PROBLEM: Go through the records and filter out every line lacking the word "Return"; copy the lines that remain.

INPUT:
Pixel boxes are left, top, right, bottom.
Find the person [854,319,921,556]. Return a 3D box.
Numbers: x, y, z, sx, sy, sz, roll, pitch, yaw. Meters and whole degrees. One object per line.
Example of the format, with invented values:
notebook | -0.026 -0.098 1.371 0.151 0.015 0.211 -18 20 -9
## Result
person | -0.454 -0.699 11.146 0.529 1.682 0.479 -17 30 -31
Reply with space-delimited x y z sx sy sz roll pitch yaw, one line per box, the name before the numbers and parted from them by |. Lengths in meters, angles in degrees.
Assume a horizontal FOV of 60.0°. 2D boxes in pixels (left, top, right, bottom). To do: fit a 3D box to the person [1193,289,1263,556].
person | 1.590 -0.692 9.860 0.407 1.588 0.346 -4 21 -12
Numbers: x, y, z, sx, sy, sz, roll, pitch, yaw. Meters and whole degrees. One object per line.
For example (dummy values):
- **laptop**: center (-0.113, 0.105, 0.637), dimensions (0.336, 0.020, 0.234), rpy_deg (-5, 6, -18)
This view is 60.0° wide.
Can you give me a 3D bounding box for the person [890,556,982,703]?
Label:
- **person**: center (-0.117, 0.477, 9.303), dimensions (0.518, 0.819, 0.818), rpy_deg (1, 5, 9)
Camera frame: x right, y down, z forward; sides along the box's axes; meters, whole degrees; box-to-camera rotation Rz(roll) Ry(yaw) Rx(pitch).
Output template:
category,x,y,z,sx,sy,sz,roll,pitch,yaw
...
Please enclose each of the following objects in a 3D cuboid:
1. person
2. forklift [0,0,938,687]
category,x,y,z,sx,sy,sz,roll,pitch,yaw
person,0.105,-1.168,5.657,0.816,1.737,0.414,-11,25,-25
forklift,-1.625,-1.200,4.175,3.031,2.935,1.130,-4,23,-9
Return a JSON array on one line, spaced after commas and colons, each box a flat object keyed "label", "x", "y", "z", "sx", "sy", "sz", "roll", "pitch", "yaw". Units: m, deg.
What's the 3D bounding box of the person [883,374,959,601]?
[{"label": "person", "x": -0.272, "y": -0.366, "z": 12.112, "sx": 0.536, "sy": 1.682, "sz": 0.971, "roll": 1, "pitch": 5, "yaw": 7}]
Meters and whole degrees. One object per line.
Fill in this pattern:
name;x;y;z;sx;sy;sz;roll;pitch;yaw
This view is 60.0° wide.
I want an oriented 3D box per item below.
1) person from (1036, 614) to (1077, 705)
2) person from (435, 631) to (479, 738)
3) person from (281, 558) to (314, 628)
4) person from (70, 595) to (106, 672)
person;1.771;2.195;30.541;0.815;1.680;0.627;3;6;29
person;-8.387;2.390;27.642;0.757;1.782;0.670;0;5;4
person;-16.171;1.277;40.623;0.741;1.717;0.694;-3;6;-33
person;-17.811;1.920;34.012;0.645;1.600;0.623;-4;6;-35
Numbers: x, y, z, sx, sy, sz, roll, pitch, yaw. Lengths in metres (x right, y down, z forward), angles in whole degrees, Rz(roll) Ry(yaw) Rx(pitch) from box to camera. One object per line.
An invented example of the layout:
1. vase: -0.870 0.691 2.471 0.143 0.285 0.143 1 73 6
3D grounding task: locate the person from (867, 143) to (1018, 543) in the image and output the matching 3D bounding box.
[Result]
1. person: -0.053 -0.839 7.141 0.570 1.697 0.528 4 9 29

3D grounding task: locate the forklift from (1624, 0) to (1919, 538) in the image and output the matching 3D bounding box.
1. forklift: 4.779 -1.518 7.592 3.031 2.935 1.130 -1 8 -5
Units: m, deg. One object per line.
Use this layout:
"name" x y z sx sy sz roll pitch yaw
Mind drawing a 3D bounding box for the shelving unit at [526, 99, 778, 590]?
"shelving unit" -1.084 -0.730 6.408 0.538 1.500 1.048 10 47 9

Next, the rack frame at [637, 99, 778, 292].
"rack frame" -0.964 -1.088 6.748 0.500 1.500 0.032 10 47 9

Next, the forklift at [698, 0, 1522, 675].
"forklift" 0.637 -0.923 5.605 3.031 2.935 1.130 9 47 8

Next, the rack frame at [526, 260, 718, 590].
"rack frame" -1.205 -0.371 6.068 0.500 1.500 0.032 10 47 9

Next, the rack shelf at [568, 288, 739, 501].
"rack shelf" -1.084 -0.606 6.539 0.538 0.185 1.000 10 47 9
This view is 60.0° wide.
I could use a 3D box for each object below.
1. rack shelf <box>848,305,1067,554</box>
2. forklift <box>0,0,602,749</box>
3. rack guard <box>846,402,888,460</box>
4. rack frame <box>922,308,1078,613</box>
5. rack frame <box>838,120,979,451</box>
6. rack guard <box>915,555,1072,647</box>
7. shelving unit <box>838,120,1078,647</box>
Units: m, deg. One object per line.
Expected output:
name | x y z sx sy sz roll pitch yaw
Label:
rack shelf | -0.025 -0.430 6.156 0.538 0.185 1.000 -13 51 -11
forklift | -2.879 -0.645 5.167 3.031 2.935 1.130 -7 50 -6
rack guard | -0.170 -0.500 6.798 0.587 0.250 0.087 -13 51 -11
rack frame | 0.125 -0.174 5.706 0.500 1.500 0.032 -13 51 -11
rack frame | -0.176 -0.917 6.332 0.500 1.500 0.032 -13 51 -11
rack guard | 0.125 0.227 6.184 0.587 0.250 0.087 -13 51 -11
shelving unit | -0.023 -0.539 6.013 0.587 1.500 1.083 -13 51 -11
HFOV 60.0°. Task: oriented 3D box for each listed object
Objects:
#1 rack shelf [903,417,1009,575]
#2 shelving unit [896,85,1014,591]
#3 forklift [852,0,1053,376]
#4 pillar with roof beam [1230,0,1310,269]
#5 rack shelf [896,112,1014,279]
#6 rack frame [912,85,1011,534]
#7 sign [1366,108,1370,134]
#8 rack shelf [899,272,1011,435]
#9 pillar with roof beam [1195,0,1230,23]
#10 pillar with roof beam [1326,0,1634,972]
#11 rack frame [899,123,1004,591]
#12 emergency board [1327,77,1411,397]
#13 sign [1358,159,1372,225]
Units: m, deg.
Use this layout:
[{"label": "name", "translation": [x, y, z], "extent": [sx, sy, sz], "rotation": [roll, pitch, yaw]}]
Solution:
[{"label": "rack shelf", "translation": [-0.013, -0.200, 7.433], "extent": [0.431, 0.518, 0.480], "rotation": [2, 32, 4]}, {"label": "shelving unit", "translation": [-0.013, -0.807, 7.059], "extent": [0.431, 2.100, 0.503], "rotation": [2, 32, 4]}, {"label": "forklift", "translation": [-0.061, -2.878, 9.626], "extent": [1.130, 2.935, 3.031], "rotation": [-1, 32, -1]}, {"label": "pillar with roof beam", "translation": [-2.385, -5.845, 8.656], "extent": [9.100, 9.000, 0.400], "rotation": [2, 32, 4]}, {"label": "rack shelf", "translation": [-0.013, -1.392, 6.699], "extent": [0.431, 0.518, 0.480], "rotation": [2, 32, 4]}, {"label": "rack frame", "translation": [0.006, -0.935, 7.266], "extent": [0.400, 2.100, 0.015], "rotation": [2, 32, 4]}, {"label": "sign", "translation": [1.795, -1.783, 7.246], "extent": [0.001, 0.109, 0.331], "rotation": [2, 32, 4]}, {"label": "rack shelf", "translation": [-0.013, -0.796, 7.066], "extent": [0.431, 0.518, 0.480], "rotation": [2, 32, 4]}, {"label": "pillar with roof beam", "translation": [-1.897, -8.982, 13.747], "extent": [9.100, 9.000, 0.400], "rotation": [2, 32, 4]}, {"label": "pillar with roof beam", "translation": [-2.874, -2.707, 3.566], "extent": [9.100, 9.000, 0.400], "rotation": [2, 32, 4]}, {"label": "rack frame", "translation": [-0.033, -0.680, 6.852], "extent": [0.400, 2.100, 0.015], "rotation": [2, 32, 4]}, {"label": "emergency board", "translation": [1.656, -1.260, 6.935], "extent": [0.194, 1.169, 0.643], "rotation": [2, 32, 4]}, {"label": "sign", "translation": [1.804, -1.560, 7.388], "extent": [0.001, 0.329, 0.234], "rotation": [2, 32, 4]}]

WRITTEN RESPONSE:
Find the person [854,319,921,556]. Return a 3D box.
Return a JSON array on one line, spaced after commas and colons, each box a flat object keyed "label", "x", "y", "z", "sx", "sy", "sz", "roll", "pitch", "yaw". Units: m, deg.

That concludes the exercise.